The economic conference was also an opportunity for serious deals on energy projects, “and this is the most crucial part, given the country's acute energy problem,” he added.

But Aboul-Ghar scores El-Sisi a very low grade on the home front.

“It is very unfortunate, but the country is being run using the same tools -- and at times by the same people -- as under the regime of [former president Hosni] Mubarak,” Aboul-Ghar argued.

The state is showing the same ailments as during the Mubarak era, he said.

“This is especially the case -- as I have been repeatedly saying -- with the abrasive interference of the interior ministry in political affairs, like the preparations for the legislative elections, and in the aggressive style that police officers are again demonstrating towards the wider public,” he said.

The November 2013 Protest Law is one of the worst signs of “the lack of commitment to freedoms that El-Sisi has demonstrated in his first year in office”, he said.

“El-Sisi has repeatedly promised to have the law amended, and he has promised to pardon the young men and women who were part of the 25 January revolution imprisoned under this law, but he has not," he said. "It is very disturbing that he did not do so, because this was the starting point of a split within the civil forces opposed to the Muslim Brotherhood,” Aboul-Ghar argued.

The split within the “civil camp,” he added, has inevitably eroded the president's power base during his first year in office.

“The president should have demonstrated a firm commitment to freedoms, especially as it is a key demand of the [25] January [2011] revolution, and the 30 June [2013] revolution but he did not,” he added.

To further aggravate his home front performance, Aboul-Ghar added, El-Sisi has all but fully shelved the constitution and allowed repeated delays to the parliamentary elections, in order to continue to hold both executive and legislative powers throughout his first year in office.

Meanwhile, Aboul-Ghar added, El-Sisi has wittingly or unwittingly allowed a freeze in political life that is bound to be reflected on the municipal elections -- “if they even happen, because I hear that there is a call to have members appointed instead.
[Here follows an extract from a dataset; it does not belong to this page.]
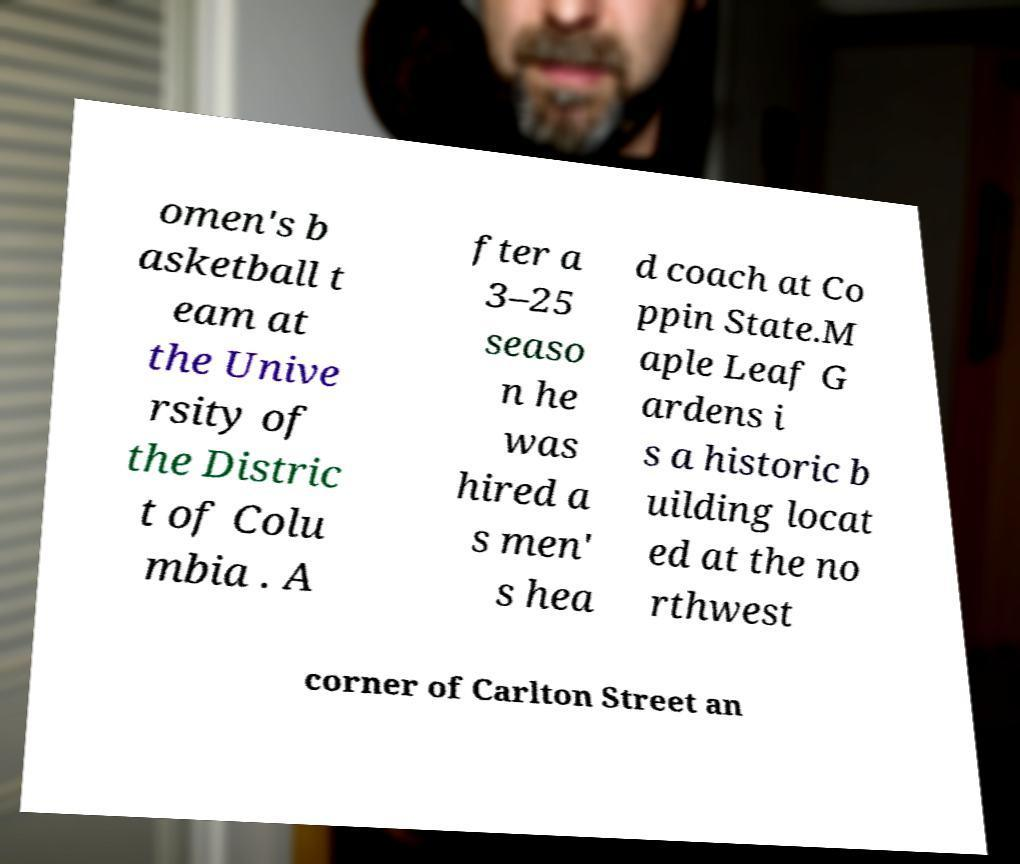Please read and relay the text visible in this image. What does it say? omen's b asketball t eam at the Unive rsity of the Distric t of Colu mbia . A fter a 3–25 seaso n he was hired a s men' s hea d coach at Co ppin State.M aple Leaf G ardens i s a historic b uilding locat ed at the no rthwest corner of Carlton Street an 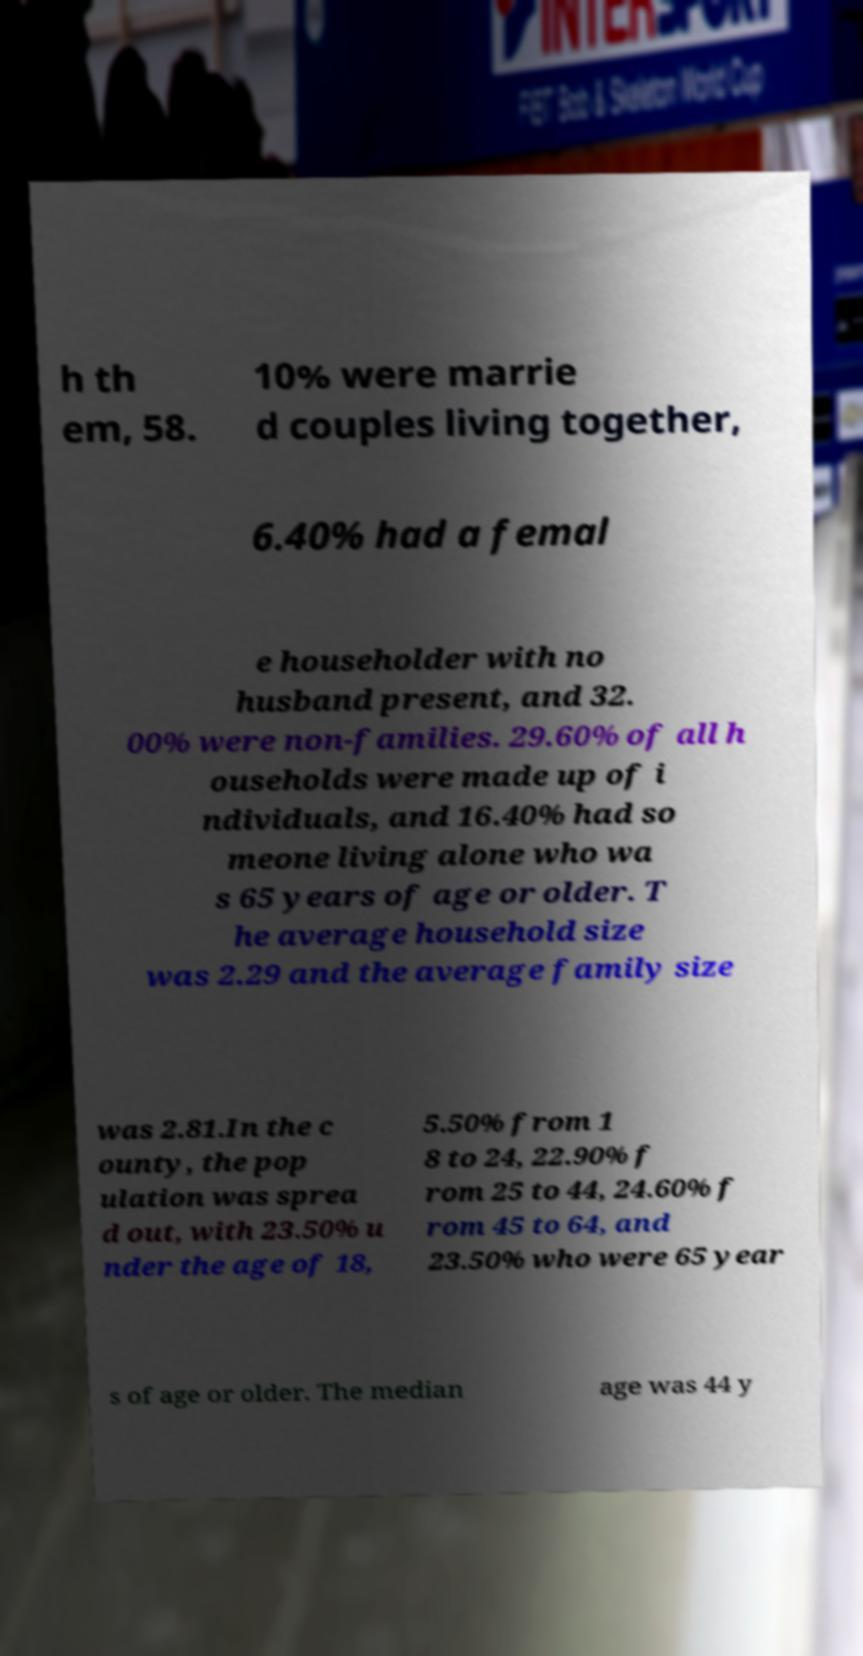For documentation purposes, I need the text within this image transcribed. Could you provide that? h th em, 58. 10% were marrie d couples living together, 6.40% had a femal e householder with no husband present, and 32. 00% were non-families. 29.60% of all h ouseholds were made up of i ndividuals, and 16.40% had so meone living alone who wa s 65 years of age or older. T he average household size was 2.29 and the average family size was 2.81.In the c ounty, the pop ulation was sprea d out, with 23.50% u nder the age of 18, 5.50% from 1 8 to 24, 22.90% f rom 25 to 44, 24.60% f rom 45 to 64, and 23.50% who were 65 year s of age or older. The median age was 44 y

This would be a huge violation of the constitution.”

Aboul-Ghar regrets the absence of credible, serious opinion polls that could have assessed El-Sisi's popularity a year after he was elected president.

“Given that, throughout his first year, El-Sisi was successful in securing a high level of stability, it would be fair to assume that he still has a decent majority, as stability is a key concern for many -- if not most -- Egyptians,” he however conceded.